Amerika Serikat adalah salah satu dari beberapa negara di seluruh dunia di mana legislatif harus menyetujui kenaikan periodik dalam batas hukum pada berapa banyak uang pemerintah federal dapat meminjam. Sampai beberapa tahun terakhir, Kongres umumnya karet-dicap persetujuan tersebut.

Ketika Partai Republik mulai mengancam untuk memaksa default federal jika tuntutan mereka untuk mengurangi pengeluaran pemerintah tidak dipenuhi, tujuannya adalah untuk menakut-nakuti saingan politik mereka. Ternyata, Demokrat tidak pernah tersentak, tapi pasar melakukan.

Pada bulan Agustus 2011, kongres Partai Republik menuntut agar defisit anggaran federal diproyeksikan akan dipotong sebesar $ 4 triliun selama 10 tahun atau mereka tidak akan memilih untuk menaikkan batas utang.

Demokrat, membela program belanja hewan peliharaan, menolak. Pembicaraan untuk mengakhiri sengketa runtuh dan US Treasury mendekati default utang pertama dalam sejarah AS. Hal ini dihindari oleh kesepakatan-menit terakhir yang diikuti oleh Standard and Poor keputusan untuk memotong peringkat kredit AS di bawah tingkat atas untuk pertama kalinya.

Baca Juga:   Saham Taiwan Lebih Tinggi Pada Penutupan Perdagangan, Taiwan Weighted Naik 0,02%

Episode memicu pembacaan tertinggi dalam Indeks Volatilitas CBOE (VIX), kadang-kadang dikenal sebagai indeks ketakutan, sejak krisis keuangan 2008-2009.

Pada bulan Oktober tahun 2013, ketika yang lain melawan utang-batas bertepatan dengan shutdown pemerintah 17-hari, VIX lebih diredam. Hanya sebulan lalu, episode lain hampir tidak terdaftar di atasnya.

Sebuah pola yang sama dari dampak pasar menurun jelas dalam imbal hasil tagihan satu bulan Treasury (US1MT = RR), keamanan utang yang paling rentan terhadap pembayaran gangguan jangka pendek.

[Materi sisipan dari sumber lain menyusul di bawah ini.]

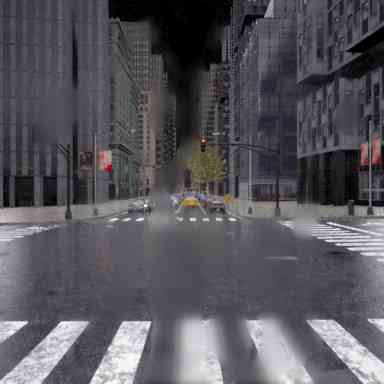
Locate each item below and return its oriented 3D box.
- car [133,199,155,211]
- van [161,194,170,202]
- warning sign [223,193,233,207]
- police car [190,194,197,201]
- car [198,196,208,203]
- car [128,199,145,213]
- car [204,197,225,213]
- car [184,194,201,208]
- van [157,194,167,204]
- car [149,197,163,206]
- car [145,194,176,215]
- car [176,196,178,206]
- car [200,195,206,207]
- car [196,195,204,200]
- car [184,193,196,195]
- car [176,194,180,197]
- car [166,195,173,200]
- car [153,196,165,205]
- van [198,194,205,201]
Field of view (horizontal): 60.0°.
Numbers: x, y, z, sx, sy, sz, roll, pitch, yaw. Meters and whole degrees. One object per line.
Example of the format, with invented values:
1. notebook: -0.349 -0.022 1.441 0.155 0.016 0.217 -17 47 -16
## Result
1. car: -5.895 1.557 41.303 2.008 1.369 4.403 0 0 0
2. van: -6.129 1.368 77.527 1.690 1.788 3.998 0 0 0
3. warning sign: 4.912 1.123 45.453 1.300 1.860 1.060 0 0 0
4. police car: 0.452 1.463 90.537 1.930 1.638 5.238 0 0 0
5. car: 2.425 1.589 73.146 1.947 1.339 4.313 0 0 0
6. car: -5.863 1.556 36.311 2.008 1.369 4.403 0 0 0
7. car: 2.662 1.556 36.362 2.008 1.369 4.403 0 0 0
8. car: -0.085 1.487 48.987 1.882 1.535 5.008 0 0 0
9. van: -6.059 1.360 66.700 1.690 1.788 3.998 0 0 0
10. car: -5.989 1.579 55.874 1.947 1.339 4.313 0 0 0
11. car: -3.183 1.226 34.623 2.150 2.045 5.566 0 0 0
12. car: -3.247 1.608 44.575 1.895 1.301 4.718 0 0 0
13. car: 2.592 1.553 47.251 1.887 1.381 4.507 0 0 0
14. car: 2.288 1.593 94.300 2.008 1.369 4.403 0 0 0
15. car: -0.230 1.517 70.284 2.128 1.511 4.902 0 0 0
16. car: -3.301 1.538 54.617 1.812 1.442 4.674 0 0 0
17. car: -6.233 1.624 93.766 1.802 1.307 4.206 0 0 0
18. car: -6.023 1.541 61.117 1.752 1.417 4.829 0 0 0
19. van: 2.356 1.373 83.723 1.690 1.788 3.998 0 0 0

Menutup hasil, diukur dalam seperseribu persentase poin dalam beberapa tahun terakhir dengan suku bunga jangka pendek secara efektif di nol, berduri hanya di bawah dua persepuluh persen selama 2011 episode. Mereka melompat ke sepertiga dari titik selama 2013 shutdown ketidakpastian memerintah, tetapi perdebatan batas utang tahun ini pada akhir Oktober melihat kenaikan hanya sepersepuluh dari titik.

Paku dalam biaya mengasuransikan utang pemerintah AS terhadap default juga dimoderatori dengan masing-masing sengketa berulang, bahkan pada tahun 2013, untuk kedua satu tahun dan lima tahun credit default swap.

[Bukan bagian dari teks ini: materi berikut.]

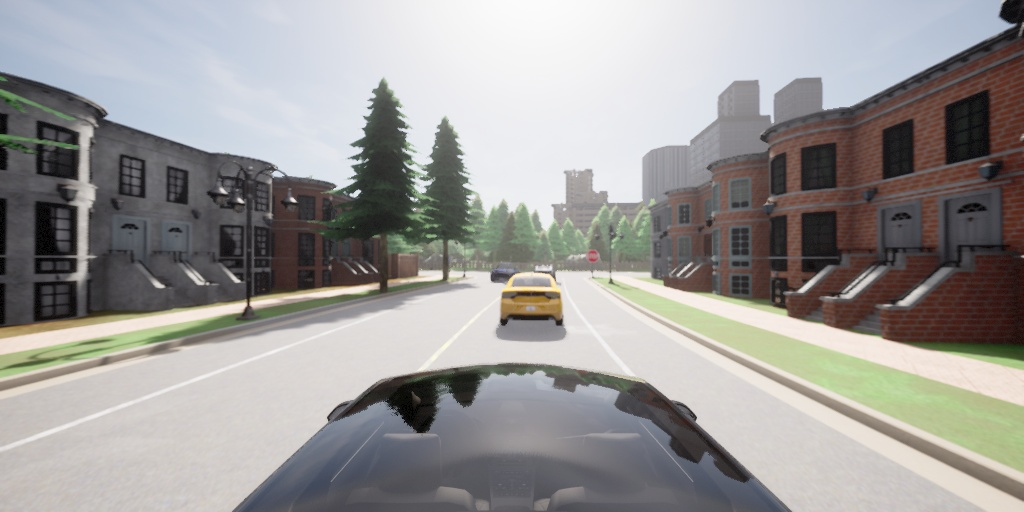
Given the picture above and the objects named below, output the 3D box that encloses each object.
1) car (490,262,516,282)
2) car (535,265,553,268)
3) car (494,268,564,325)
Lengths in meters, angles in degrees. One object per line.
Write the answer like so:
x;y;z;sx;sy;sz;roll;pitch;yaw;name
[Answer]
-0.619;1.401;32.505;2.097;1.767;4.553;0;0;8;car
2.686;1.519;29.785;2.128;1.511;4.902;0;-1;7;car
0.699;1.332;12.311;1.882;1.535;5.008;0;-1;4;car
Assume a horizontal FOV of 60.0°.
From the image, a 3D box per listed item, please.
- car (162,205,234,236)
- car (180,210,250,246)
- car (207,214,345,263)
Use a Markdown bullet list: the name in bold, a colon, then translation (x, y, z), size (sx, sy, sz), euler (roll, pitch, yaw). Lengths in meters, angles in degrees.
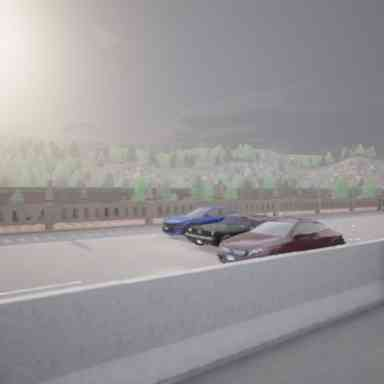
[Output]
- **car**: translation (0.807, 1.485, 17.468), size (5.008, 1.535, 1.882), euler (0, 0, -35)
- **car**: translation (2.088, 1.608, 14.083), size (4.718, 1.301, 1.895), euler (0, 0, -36)
- **car**: translation (2.933, 1.532, 10.371), size (4.674, 1.442, 1.812), euler (0, 0, -36)
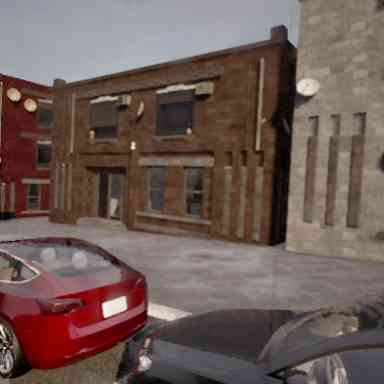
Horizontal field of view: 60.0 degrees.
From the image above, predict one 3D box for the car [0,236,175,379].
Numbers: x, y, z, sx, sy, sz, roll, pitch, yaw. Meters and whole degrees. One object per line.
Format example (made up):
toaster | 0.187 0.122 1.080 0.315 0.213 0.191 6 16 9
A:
car | -2.881 1.503 5.597 4.792 1.488 2.163 0 0 36
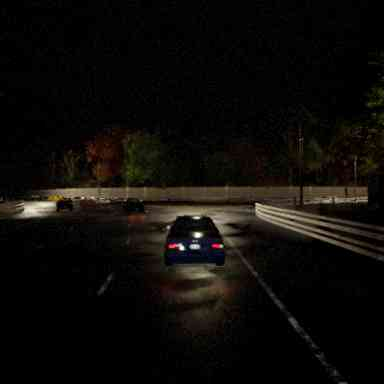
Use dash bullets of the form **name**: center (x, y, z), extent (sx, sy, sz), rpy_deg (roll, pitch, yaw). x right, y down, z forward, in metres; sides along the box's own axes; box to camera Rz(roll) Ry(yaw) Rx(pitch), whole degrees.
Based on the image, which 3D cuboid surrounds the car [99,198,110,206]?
- **car**: center (-15.309, 1.642, 55.902), extent (1.895, 1.301, 4.718), rpy_deg (0, 0, -30)

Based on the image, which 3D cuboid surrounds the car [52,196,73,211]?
- **car**: center (-16.006, 1.538, 41.723), extent (2.128, 1.511, 4.902), rpy_deg (0, 0, -23)

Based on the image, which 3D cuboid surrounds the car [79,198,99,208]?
- **car**: center (-15.338, 1.607, 48.719), extent (1.994, 1.385, 4.181), rpy_deg (0, 0, -26)

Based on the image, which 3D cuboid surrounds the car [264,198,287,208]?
- **car**: center (11.136, 1.517, 44.928), extent (1.994, 1.385, 4.181), rpy_deg (0, 0, 41)

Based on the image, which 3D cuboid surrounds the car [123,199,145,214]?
- **car**: center (-6.384, 1.507, 36.025), extent (2.128, 1.511, 4.902), rpy_deg (0, 0, -18)

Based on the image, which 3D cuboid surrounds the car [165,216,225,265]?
- **car**: center (0.068, 1.545, 11.604), extent (2.033, 1.411, 5.357), rpy_deg (0, 0, 0)

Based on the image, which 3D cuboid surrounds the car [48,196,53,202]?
- **car**: center (-32.156, 1.572, 78.311), extent (5.008, 1.535, 1.882), rpy_deg (0, 0, 44)

Baca Juga:   BERITA SAHAM KAMIS 01/08/2019 - PT. SARINAH TEGASKAN TAK MILIKI APLIKASI PINJAMAN ONLINE

RYAN MENGAMBIL LEBIH

Mengurangi kekhawatiran pasar keuangan tentang batas utang telah bertepatan dengan meningkatnya keraguan di antara beberapa Partai Republik untuk membuat standoffs atas masalah ini, meskipun permintaan untuk pemotongan belanja tetap tinggi dalam partai.

Brat dan elang fiskal lainnya mengatakan mereka memperkirakan Rumah baru Speaker Paul Ryan untuk mendekati batas waktu batas utang berikutnya lebih agresif dan dengan perencanaan yang lebih maju.

“Salah satu harapan tinggi saya untuk melayani di bawah Paul Ryan, adalah bahwa kita tidak akan membiarkan tenggat waktu ini merayap pada kita lagi,” kata Blake Farenthold, seorang konservatif Texas Republik.

Ryan pada bulan Oktober sebagai untuk RUU yang akan memprioritaskan pembayaran utang dalam acara plafon utang tidak meningkat, menunjukkan ia tidak mempertimbangkan skenario seperti itu tidak terpikirkan.

Ukuran, diejek oleh Demokrat sebagai “UU Bayar China Pertama” karena Beijing memegang $ 1,2 triliun utang AS Treasury, menarik ancaman veto dari Gedung Putih, yang mengatakan usulan tersebut akan memaksa default pada kewajiban lainnya, termasuk pembayaran untuk Medicare dan veteran program.

Bahkan beberapa sisa Partai Republik yang moderat mengatakan akan selalu ada ancaman atas batas utang. “Saya tidak berpikir bahwa telah pergi,” kata Senator Republik Susan Collins dari Maine.